The believers use to erect the pagoda-shaped stone towers, as Buddha’s remains are placed at a stone pagoda. It is said that the wishing stone towers can only be seen by the people with a pure heart.

Nasir Aijaz

It was chilling winter of 2008. The sun had almost set behind the Korea’s Mt. Seoraksan and the dusk had enveloped the entire area – the thick forest spread all over the mountain, the stream flowing down with sounds resembling to musical notes along the spiral-shaped track and the structures of historic Baekdamsa Temple. I stood mesmerized by the serenity of the ambiance gazing at some people sitting in the bed of stream erecting small towers of pebbles. The curiosity took me close to those people to inquire about placing the pebbles in Pagoda style. Although we didn’t understand each other’s language, but the universal language of signs helped me to know that this was the way of praying for realization of their wishes. Soon, they all left down the valley by foot, as the darkness of falling night was fast covering the area into its arms.

With intense feeling of calmness, I stood there alone looking at thousands of stone towers, locally called as ‘Wishing Stone Towers’, spread all over the stream bed. I had first visited the Baekdamsa Temple in 2007 and had experienced a ‘Buddhist Lunch’ at the temple hosted by the Chief Monk for the delegates of Asia Journalists Association (AJA) but the second visit again organized by AJA included a night stay at temple, which provided opportunity to observe ‘Wishing Stone Towers’.

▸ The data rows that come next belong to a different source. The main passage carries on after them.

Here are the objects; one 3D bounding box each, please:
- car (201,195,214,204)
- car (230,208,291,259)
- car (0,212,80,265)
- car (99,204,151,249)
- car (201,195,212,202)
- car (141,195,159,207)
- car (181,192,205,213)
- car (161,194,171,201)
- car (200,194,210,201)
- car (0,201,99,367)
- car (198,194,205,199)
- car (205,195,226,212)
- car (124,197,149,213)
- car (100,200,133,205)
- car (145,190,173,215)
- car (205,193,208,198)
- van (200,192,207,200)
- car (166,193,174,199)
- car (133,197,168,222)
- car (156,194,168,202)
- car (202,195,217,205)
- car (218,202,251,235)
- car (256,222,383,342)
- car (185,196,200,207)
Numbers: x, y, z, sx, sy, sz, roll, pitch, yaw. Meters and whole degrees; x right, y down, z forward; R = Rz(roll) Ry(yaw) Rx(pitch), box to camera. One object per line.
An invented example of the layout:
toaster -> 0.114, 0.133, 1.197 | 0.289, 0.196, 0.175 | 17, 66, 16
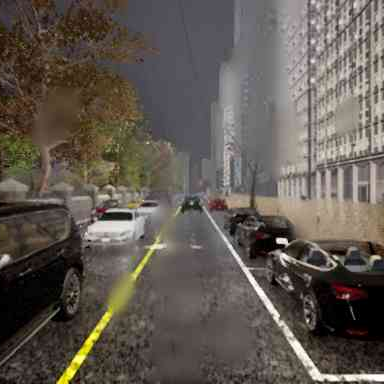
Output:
car -> 2.691, 1.222, 57.113 | 2.008, 1.369, 4.403 | 0, 0, 0
car -> 2.691, 1.490, 12.056 | 1.947, 1.339, 4.313 | 0, 0, 0
car -> -5.689, 1.505, 12.056 | 1.802, 1.307, 4.206 | 0, 0, 0
car -> -3.085, 1.436, 14.224 | 1.812, 1.442, 4.674 | 0, 0, 0
car -> 2.691, 1.224, 62.746 | 1.802, 1.307, 4.206 | 0, 0, 0
car -> -5.688, 1.170, 45.848 | 1.967, 1.590, 4.097 | 0, 0, 0
car -> 0.005, 1.145, 34.187 | 2.097, 1.767, 4.553 | 0, 0, 0
car -> -5.689, 1.130, 74.010 | 1.887, 1.381, 4.507 | 0, 0, 0
car -> 2.692, 1.196, 68.378 | 1.802, 1.307, 4.206 | 0, 0, 0
car -> -3.096, 1.194, 4.219 | 2.150, 2.045, 5.566 | 0, 0, 0
car -> 2.691, 1.093, 90.906 | 1.802, 1.307, 4.206 | 0, 0, 0
car -> 2.692, 1.337, 34.586 | 1.887, 1.381, 4.507 | 0, 0, 0
car -> -5.688, 1.318, 34.416 | 1.752, 1.417, 4.829 | 0, 0, 0
car -> -5.688, 1.296, 23.320 | 1.967, 1.590, 4.097 | 0, 0, 0
car -> -3.000, 0.846, 30.473 | 2.150, 2.045, 5.566 | 0, 0, 0
car -> 2.692, 1.201, 40.217 | 1.967, 1.590, 4.097 | 0, 0, 0
van -> 2.692, 0.901, 79.642 | 1.690, 1.788, 3.998 | 0, 0, 0
car -> -5.689, 1.061, 85.105 | 1.752, 1.417, 4.829 | 0, 0, 0
car -> -3.081, 1.373, 24.753 | 1.812, 1.442, 4.674 | 0, 0, 0
car -> -5.689, 1.186, 62.746 | 1.887, 1.381, 4.507 | 0, 0, 0
car -> 2.691, 1.251, 51.481 | 2.008, 1.369, 4.403 | 0, 0, 0
car -> 2.691, 1.456, 17.688 | 1.947, 1.339, 4.313 | 0, 0, 0
car -> 2.691, 1.525, 6.423 | 1.947, 1.339, 4.313 | 0, 0, 0
car -> 0.037, 1.289, 46.949 | 1.994, 1.385, 4.181 | 0, 0, 1

Wishing Stone Towers - Korea- Sindh Courier-2“A unique way of faith-healing,” I thought, which took me back to my country-Pakistan where the people use to visit shrines of Sufi (Mystic) saints for the same purpose, as the Sufism offers more space to the people – be it a Muslim, Hindu or hailing from any other religion or faith.  Majority of people from different religions, mostly in Pakistan, India, Bangladesh and Nepal as well as some other neighboring countries, visit shrines (the graves of those whom people ‘believe’ were pious) and ask the souls of the ‘pious’ for health, birth of children, wealth, and things that only God can provide. These people claim that they’re really not asking the dead for these things, but using them as intercessors with God. Their belief is that because the pious did well in this world when they were alive, they are now in a position to act as intercessors with God for those who invoke them. During their pilgrimage to the shrines, the people use to tie colored threads or strips of cloth to the tree branches and offer prayers besides taking part in Dhamal, the mystic dance at the drum beating. The hours-long meditation at the secluded places near the shrines is also part of the faith-healing in Indo-Pakistan region.

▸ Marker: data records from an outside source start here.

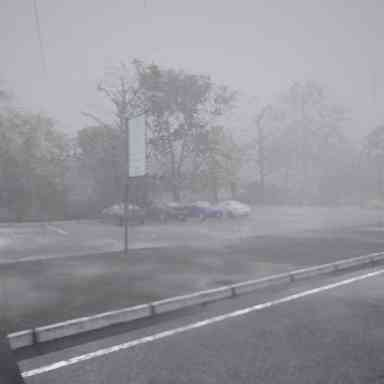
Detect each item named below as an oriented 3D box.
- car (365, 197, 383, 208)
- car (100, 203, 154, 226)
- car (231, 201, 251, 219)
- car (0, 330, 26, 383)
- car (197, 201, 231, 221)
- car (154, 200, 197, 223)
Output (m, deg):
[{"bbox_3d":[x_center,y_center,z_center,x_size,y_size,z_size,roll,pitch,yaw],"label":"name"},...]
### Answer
[{"bbox_3d":[26.284,1.435,45.265,2.097,1.535,5.008,0,0,-35],"label":"car"},{"bbox_3d":[-4.812,1.481,23.108,2.002,1.452,4.674,0,0,-35],"label":"car"},{"bbox_3d":[3.085,1.478,28.737,2.002,1.452,4.674,0,0,-35],"label":"car"},{"bbox_3d":[-3.268,1.602,1.353,4.718,1.301,1.895,0,0,-36],"label":"car"},{"bbox_3d":[0.516,1.439,26.916,2.097,1.535,5.008,0,0,-35],"label":"car"},{"bbox_3d":[-2.143,1.441,25.007,2.231,1.521,4.892,0,0,-35],"label":"car"}]

Faith healing is the ritualistic practice of prayer and gestures that are claimed to elicit divine intervention in spiritual and physical healing. Believers assert that the healing of disease and disability can be brought about by religious faith through prayer and/or other rituals that, according to adherents, stimulate a divine presence and power. Belief in such divine intervention is derived from religious belief.

There have been claims that faith can cure blindness, deafness, cancer, AIDS, developmental disorders, mental disorders, anemia, arthritis, corns, defective speech, multiple sclerosis, skin rashes, total body paralysis, and various injuries. Miraculous recoveries have been attributed to many techniques commonly classified as faith healing. It can involve prayer, a visit to a religious shrine, or simply a strong belief in a supreme being.

Faith healing can be classified as a spiritual, supernatural, or paranormal event, and, in some cases, belief in faith healing can be classified as magical thinking. The American Cancer Society states “available scientific evidence does not support claims that faith healing can actually cure physical ailments.”

Personally, I know many of the well-educated people, who spent several months at shrines abandoning their luxurious city life for spiritual satisfaction, but unfortunately, this entire region has also lots of the fake faith-healers who use to exploit the beliefs of pilgrims for their mileage, and for this reason, I always avoided visiting such places. However, the Buddhist temples presented a different character, which attracted me a lot.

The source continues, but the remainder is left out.